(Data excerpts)
══════════════════════════════

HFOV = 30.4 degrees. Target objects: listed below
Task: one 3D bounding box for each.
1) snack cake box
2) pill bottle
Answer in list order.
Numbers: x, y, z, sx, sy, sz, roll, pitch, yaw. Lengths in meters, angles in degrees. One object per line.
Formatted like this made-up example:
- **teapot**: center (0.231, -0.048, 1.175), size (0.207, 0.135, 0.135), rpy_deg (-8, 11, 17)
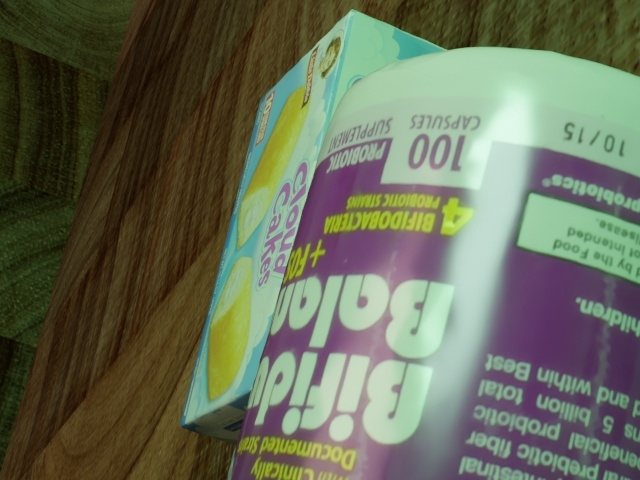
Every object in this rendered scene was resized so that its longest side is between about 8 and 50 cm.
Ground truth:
- **snack cake box**: center (0.000, 0.000, 0.785), size (0.152, 0.089, 0.264), rpy_deg (-37, 36, 58)
- **pill bottle**: center (0.049, 0.098, 0.421), size (0.169, 0.169, 0.301), rpy_deg (-26, 46, 64)
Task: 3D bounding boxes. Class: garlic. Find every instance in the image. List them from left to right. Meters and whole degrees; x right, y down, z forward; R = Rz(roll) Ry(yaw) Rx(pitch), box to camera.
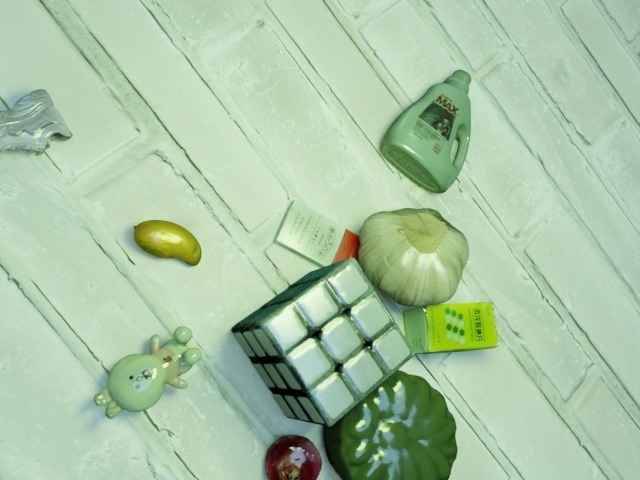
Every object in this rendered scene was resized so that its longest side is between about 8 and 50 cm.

══════════════════════════════

TASK GOAL
Your answer must consist solely of the lines above between the line holding "Task: one 3D bounding box for each." and the line holding "Formatted like this", inclusive, copied exactly.

ANSWER SECTION
Task: one 3D bounding box for each.
1) snack cake box
2) pill bottle
Answer in list order.
Numbers: x, y, z, sx, sy, sz, roll, pitch, yaw. Lengths in meters, angles in degrees. One object per line.
Formatted like this made-up example:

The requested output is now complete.